Providing Early Education
The period immediately before and after a patient’s initiation to therapy may be the most integral and sensitive time during a patient’s care journey. While it is the responsibility of the clinician to inform and educate them on their disease, it is also important for DME providers to educate them on the appropriate therapy utilization and on COPD treatment therapies from stationary oxygen through NIVs based on their individual needs. A better system must be put in place for clinicians and providers to manage and follow-up with leads—one that can take the form of a digital platform that allows for omnichannel outreach—via live call, text, email or in-app communication, where necessary. In-person visits can prove to be inefficient and unsustainable in the long run, so DME businesses should use digital intervention to drive down costs and improve overall outcomes.
Continuous proactive outreach and education is necessary to help drive patient awareness of the need to use therapy and improve adherence. This information is retained better when served up in comprehensive, digestible chunks rather than in a single training episode. Rather than wait for inbound inquiries, clinicians and DMEs should feel empowered to call, email or text patients and caregivers who are in constant need of up-to-date information. This will not only help keep the involved parties informed, but can also help reduce patient anxiety.
While education from the point of diagnosis is necessary, we should not forget that the patient may be on a long journey and must continue to be engaged. With a chronic disease like COPD, conditions evolve and must be closely monitored (while also acknowledging that self management is key). It’s important for DME providers to be equipped with the tools they need to anticipate questions from patients or caregivers.
The patient journey is not linear; rather, it is multifaceted with many touchpoints along the way. This means that DME companies should be encouraged to digitize some of their processes in order to increase the efficiency, consistency and credibility of their COPD and NIV programs. These tools give providers the opportunity to stay in touch with their patient populations at every stage—whether they are just starting therapy, need their NIV programs augmented or are in the maintenance phase. This type of engagement can benefit patients suffering from other chronic conditions like obstructive sleep apnea, but is vitally important for COPD patients. Digital tools allow DMEs and clinicians to take note when a patient’s therapy might no longer be keeping up with the progression of their disease. With digital survey tools, providers have a scalable solution they can use to triage their patient base and identify therapy alternatives.
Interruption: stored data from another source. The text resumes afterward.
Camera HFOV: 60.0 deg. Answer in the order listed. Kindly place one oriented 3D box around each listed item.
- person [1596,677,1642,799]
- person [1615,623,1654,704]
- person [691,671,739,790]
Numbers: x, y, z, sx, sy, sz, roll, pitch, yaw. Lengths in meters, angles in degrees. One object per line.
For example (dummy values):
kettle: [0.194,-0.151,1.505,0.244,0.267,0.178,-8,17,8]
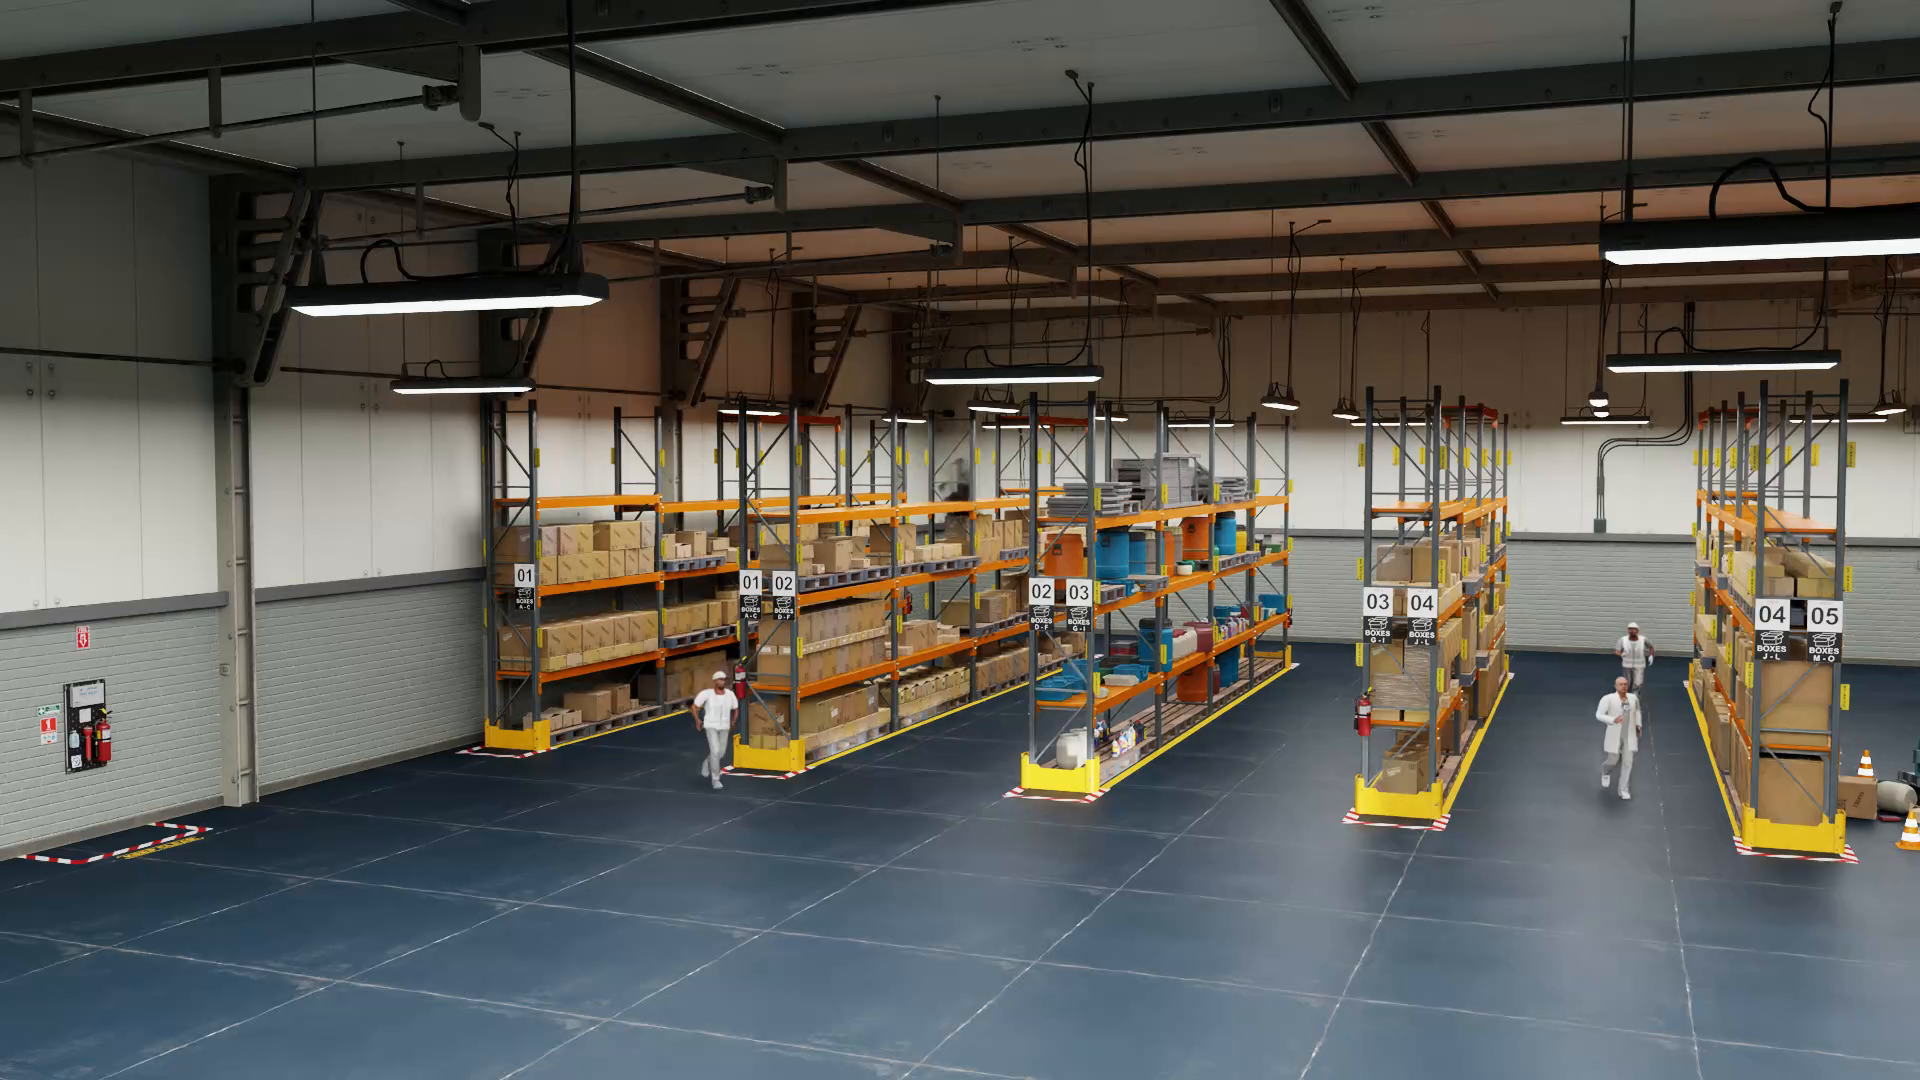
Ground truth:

While we look for ways to improve the current processes to better deliver such solutions and programs, we must not forget that patient engagement does not begin and end with a single encounter. We must meet patients where they are on their health care journey to encourage continued adherence to treatment. Health care professionals should focus not just on delivering the right type of therapy and care each individual patient needs, but also the continued support they require to maintain a higher quality of life.